# [Exercise description]
Output exactly the lines from the one with "Answer: Baahubali: The" through the last line of the data below, both included, and nothing more.

# [Records from a data collection]
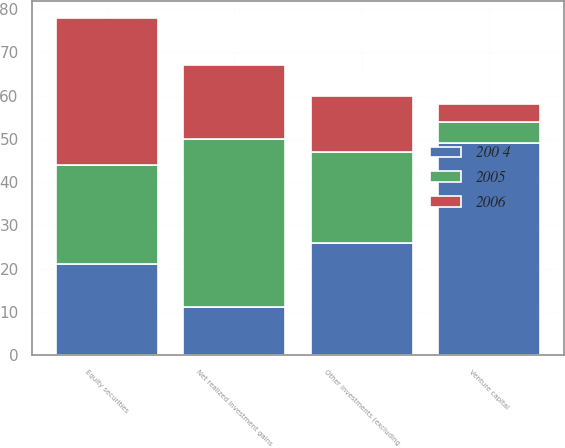<chart> <loc_0><loc_0><loc_500><loc_500><stacked_bar_chart><ecel><fcel>Equity securities<fcel>Venture capital<fcel>Other investments (excluding<fcel>Net realized investment gains<nl><fcel>200 4<fcel>21<fcel>49<fcel>26<fcel>11<nl><fcel>2006<fcel>34<fcel>4<fcel>13<fcel>17<nl><fcel>2005<fcel>23<fcel>5<fcel>21<fcel>39<nl></chart> 
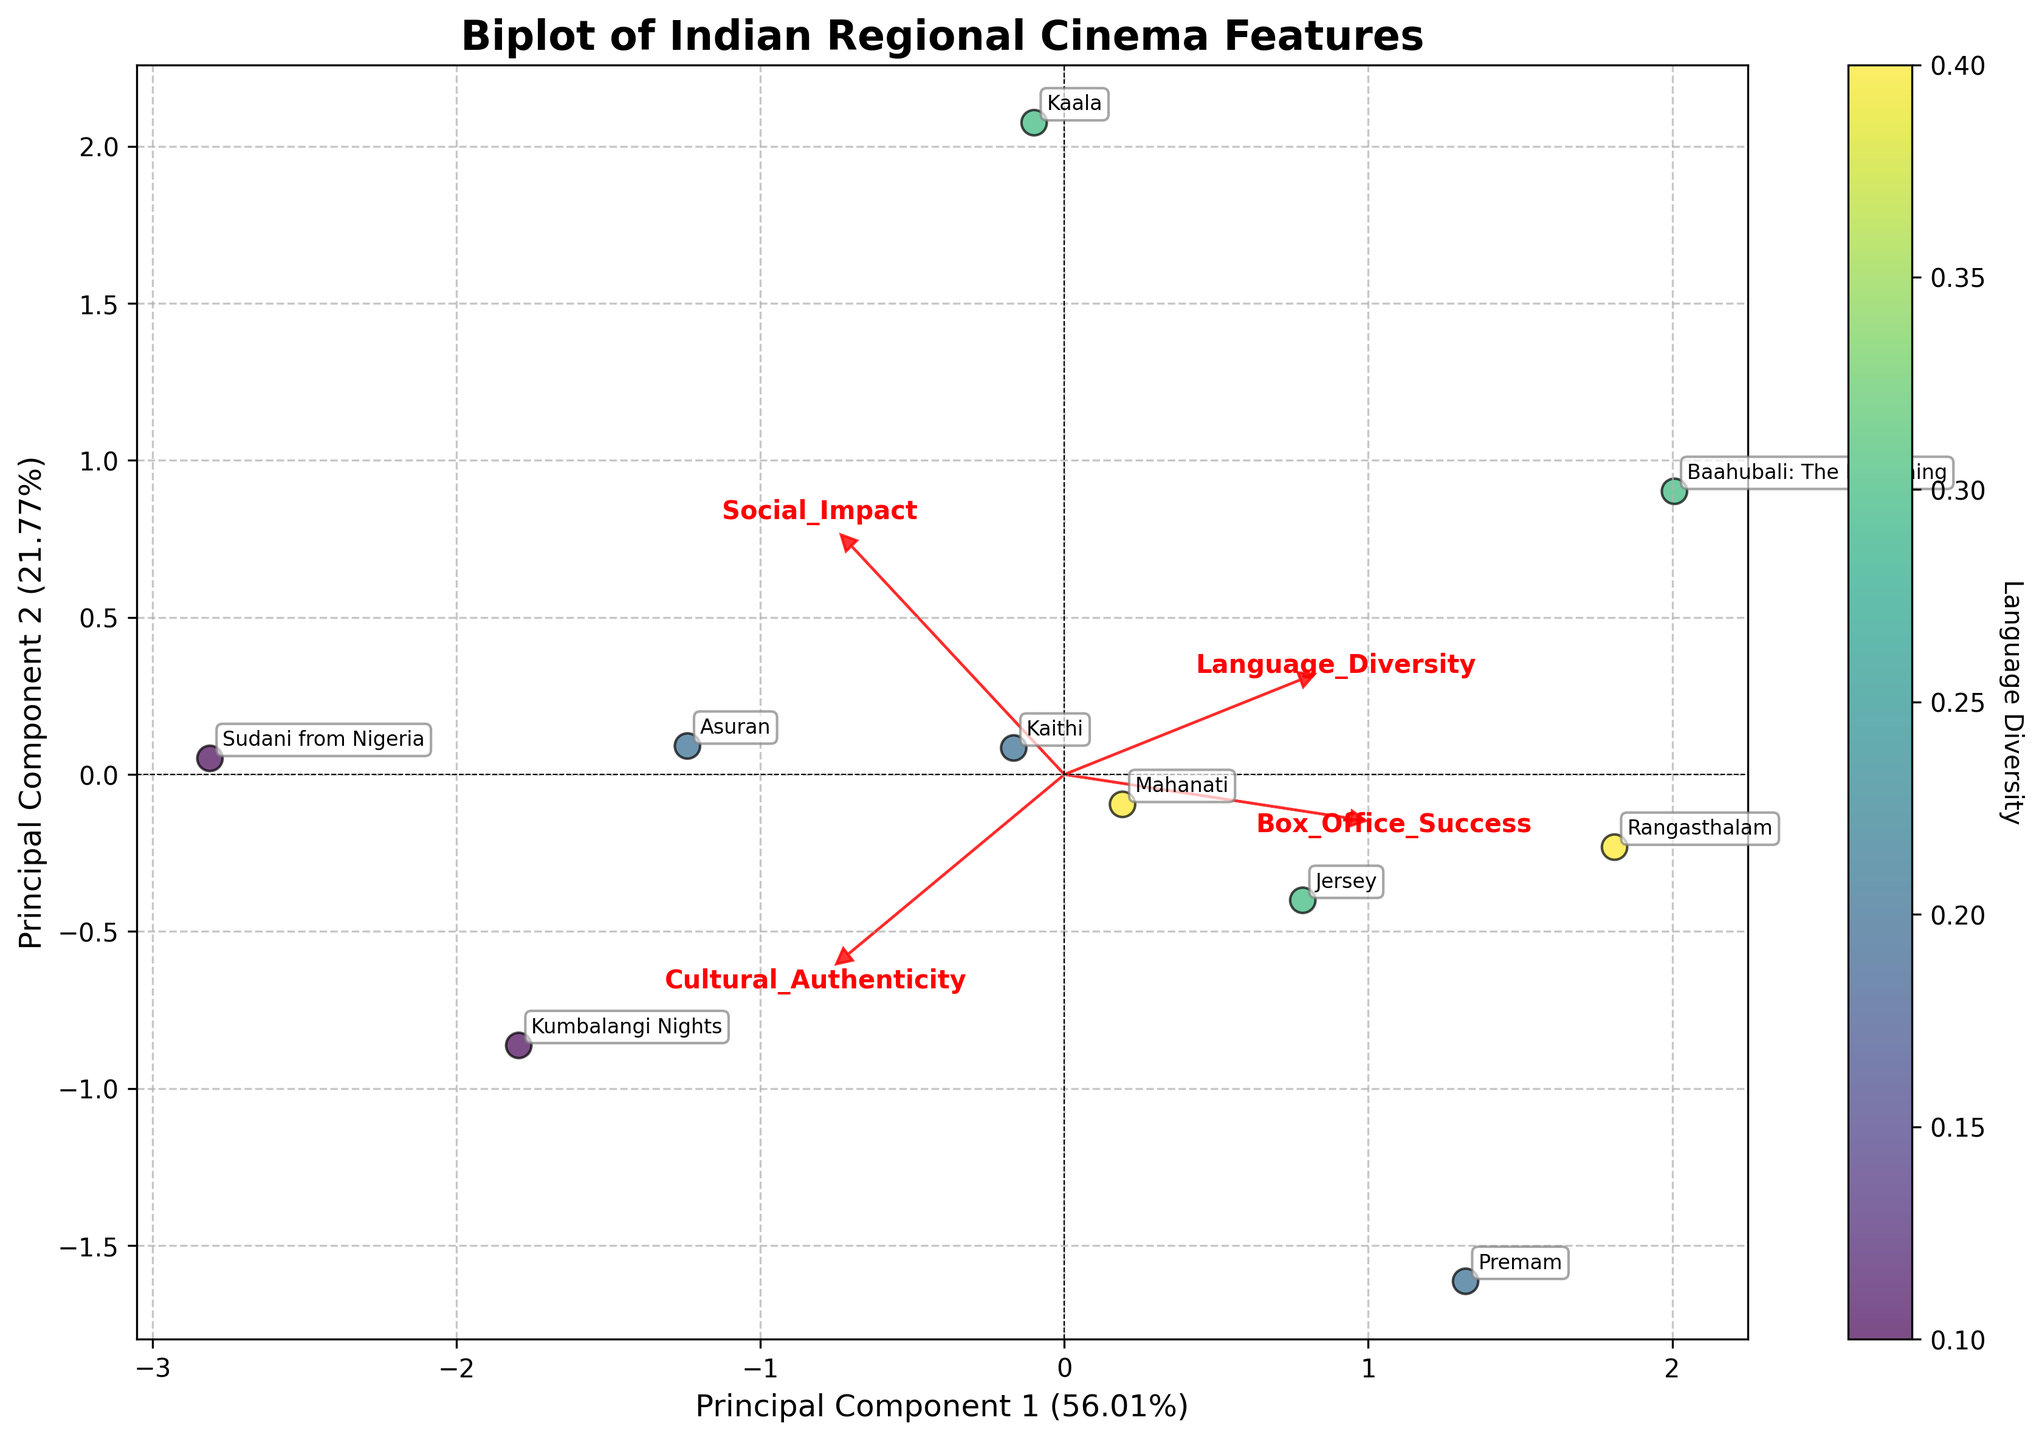What is the title of the plot? The title of the plot is displayed at the top and provides a summary of the figure's content. In this case, it is "Biplot of Indian Regional Cinema Features."
Answer: Biplot of Indian Regional Cinema Features Which film is located furthest to the right along the x-axis (Principal Component 1)? To determine which film is furthest to the right, find the film with the highest value along the x-axis. The film in this position is "Rangasthalam."
Answer: Rangasthalam What does the color bar represent? The color bar provides additional information about the data points. In this biplot, it indicates the level of "Language Diversity" for each film, from lower to higher values.
Answer: Language Diversity Which film demonstrates the highest "Social Impact" and where is it positioned in the plot? The film with the highest "Social Impact" can be identified by locating the film positioned near the highest point of the arrow labeled "Social Impact." This film is "Asuran" and it is positioned toward the upper right.
Answer: Asuran Between "Mahanati" and "Jersey," which film is closer to the origin? To determine which film is closer to the origin, compare the distances of both films from the center (0,0). Both the x and y coordinates are closer to zero for "Jersey" compared to "Mahanati."
Answer: Jersey Which feature has the strongest contribution to Principal Component 2? To figure out the feature with the strongest contribution, look at the length and direction of the arrows. The feature with the most substantial positive projection along the y-axis (Principal Component 2) is "Cultural Authenticity."
Answer: Cultural Authenticity Is there a film that scores high in both "Cultural Authenticity" and "Social Impact"? If so, which one? To identify such a film, look for a data point that lies along or close to the direction of both the "Cultural Authenticity" and "Social Impact" arrows. "Kumbalangi Nights" is located in this region.
Answer: Kumbalangi Nights Which films have a high level of "Box Office Success" but might be low on "Language Diversity"? A film with high "Box Office Success" will be closer to the arrow pointing in that direction, but further from the "Language Diversity" arrow. "Baahubali: The Beginning" and "Rangasthalam" fit this description.
Answer: Baahubali: The Beginning and Rangasthalam What is the relationship between "Language Diversity" and Principal Component 1? The "Language Diversity" arrow is aligned more closely along Principal Component 1, but in a relatively neutral direction indicating moderate influence. Thus, it suggests that "Language Diversity" contributes to distinction along Principal Component 1 but not dominantly.
Answer: Moderate positive relationship Which vectors (arrows) seem to be most orthogonal to each other, indicating lack of correlation? To identify orthogonal vectors, look for arrows that form close to a 90-degree angle. The vectors for "Language Diversity" and "Cultural Authenticity" appear to be the most orthogonal, suggesting these features are less correlated.
Answer: Language Diversity and Cultural Authenticity

# [Response]
Answer: Baahubali: The Beginning and Rangasthalam What is the relationship between "Language Diversity" and Principal Component 1? The "Language Diversity" arrow is aligned more closely along Principal Component 1, but in a relatively neutral direction indicating moderate influence. Thus, it suggests that "Language Diversity" contributes to distinction along Principal Component 1 but not dominantly.
Answer: Moderate positive relationship Which vectors (arrows) seem to be most orthogonal to each other, indicating lack of correlation? To identify orthogonal vectors, look for arrows that form close to a 90-degree angle. The vectors for "Language Diversity" and "Cultural Authenticity" appear to be the most orthogonal, suggesting these features are less correlated.
Answer: Language Diversity and Cultural Authenticity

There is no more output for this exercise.